Wellness Südtirol
In einem Wellnesshotel in Südtirol vom Alltag abschalten und auftanken
28. Juni 2011
Posted in Internet News
Google hat - wie alle halbe Jahre - seinen "Transparency Report" veröffentlicht, der über staatliche Eingriffe in die Arbeit der Suchmaschine aufklären soll. Leider lässt Google aber auch dieses Mal den interessierten Leser bei der Interpretation der Daten im Stich.
So mag es zwar verständlich sein, wenn in den Vereinigten Staaten die meisten (n=4.601) behördlichen Anfragen bezüglich der Herausgabe von Nutzerdaten registriert werden. Es ist auch nachvollziehbar, wenn die Suchmaschine in ihrem Heimatland der überwiegenden Zahl von Anfragen (94%) auch nachkommt. Doch warum wird zugleich keine einzige Anfrage dieser Art aus der Schweiz berichtet? Und warum gibt Google für Ungarn (68 Forderungen nach Datenherausgabe) und die Türkei (45 Forderungen nach Datenherausgabe) jeweils an, keiner einzigen dieser Anfragen nachgekommen zu sein? Von den 768 behördlichen Anfragen nach Nutzerdaten wurden in Deutschland 76% von Google ausgeführt, von den 1.021 Anfragen in Frankreich dagegen nur 56%.
Ähnlich verhält es sich mit den Daten zu den von staatlicher Seite geforderten Entfernung von Inhalten. Hier steht Brasilien mit 263 "Removal Requests" auf Platz 1 der Liste, gefolgt von Südkorea (139) und Deutschland (118). Doch die 118 auf deutscher Seite gestellten Anträge entsprechen 1.932 entfernten "Items". Großbritannien dagegen hat nur 38 Forderungen dieser Art erhoben, doch Google hat im Auftrag der britischen Regierung 93.518 verschiedene Inhalte entfernt. Die 38 britischen Forderungen haben also sehr viele Web-Inhalte gleichzeitig betroffen.

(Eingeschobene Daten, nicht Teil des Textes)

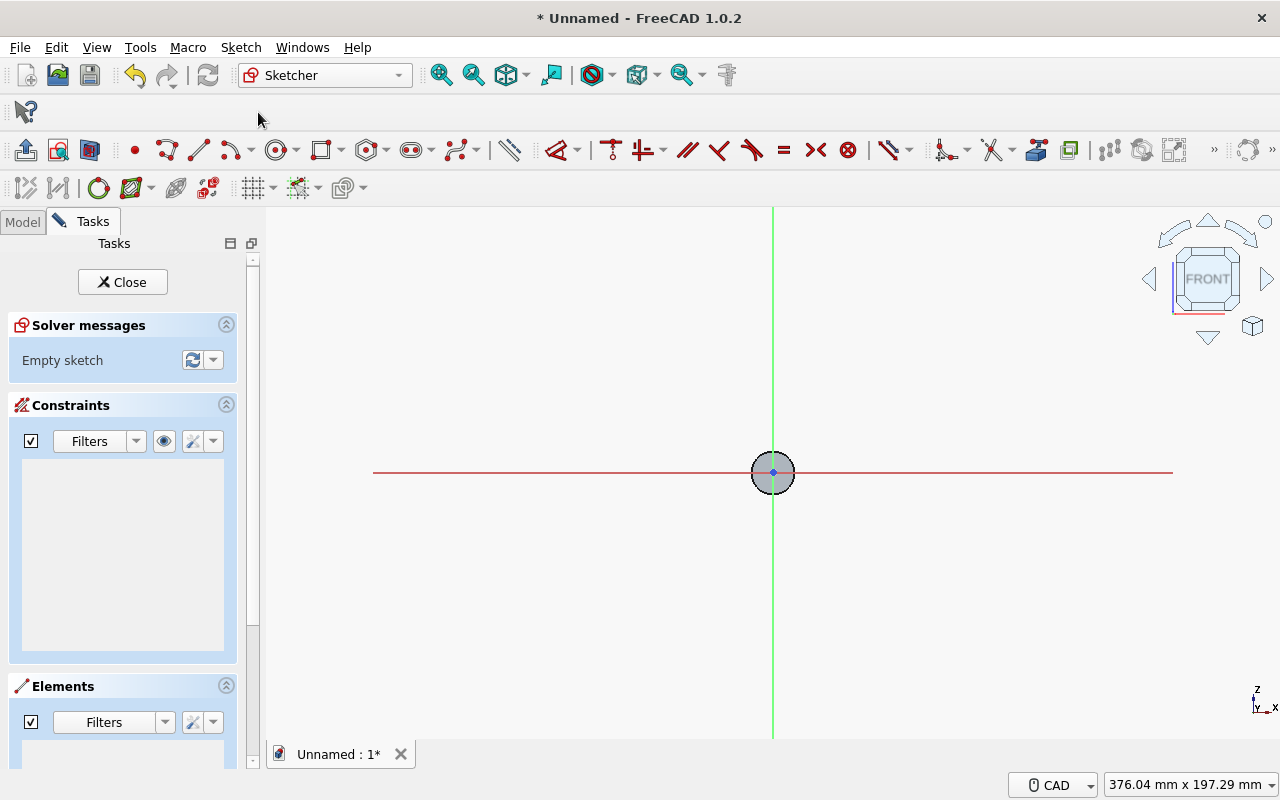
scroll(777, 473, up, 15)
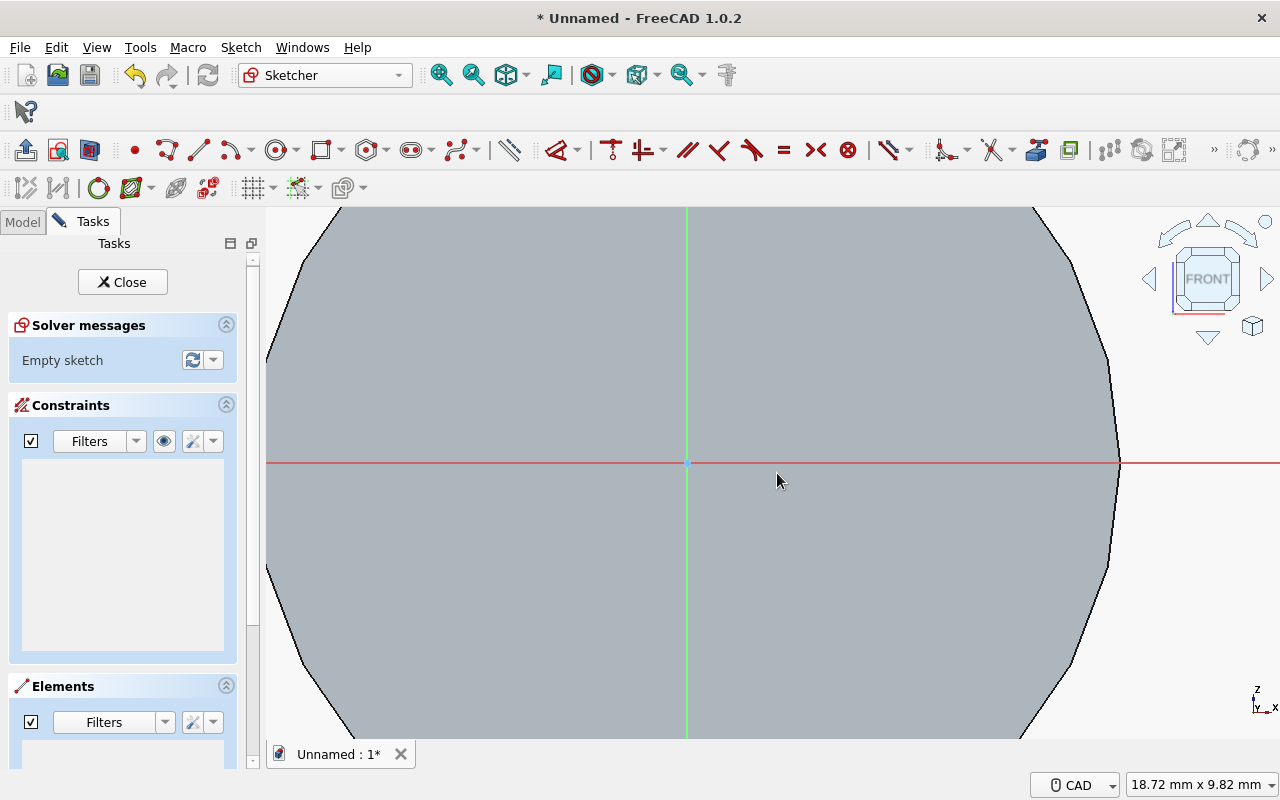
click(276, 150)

Aber ohne weitere Informationen ist auch das kaum einzuordnen. Immerhin in einem Punkt hat Googles Transparenz-Report allerdings Fortschritte gemacht. Noch bis zum letzten Jahr wurden die Forderungen der chinesischen Regierung in dem Bericht gar nicht erst erwähnt, weil Chinas Regierung in diesen Informationen ein Staatsgeheimnis sieht. Wie es sich für Nicht-Demokratien gehört, waren die Informationen über Zensur also der Zensur zum Opfer gefallen.
Im letzten Bericht stellt sich dieses Problem nun nicht mehr. Google hat China ja ein wenig den Rücken zugewandt und schickt Besucher von google.cn jetzt mit einem Link auf google.com.hk weiter. Wer das nicht will, kann unter google.cn nach Musik suchen oder sich Texte von Google übersetzen lassen. Inhalte, die es zu entfernen gilt, sind dort nicht zu finden. Folgerichtig werden in China wie in der Schweiz keine Forderungen dieser Art gestellt. Es lebe die Statistik!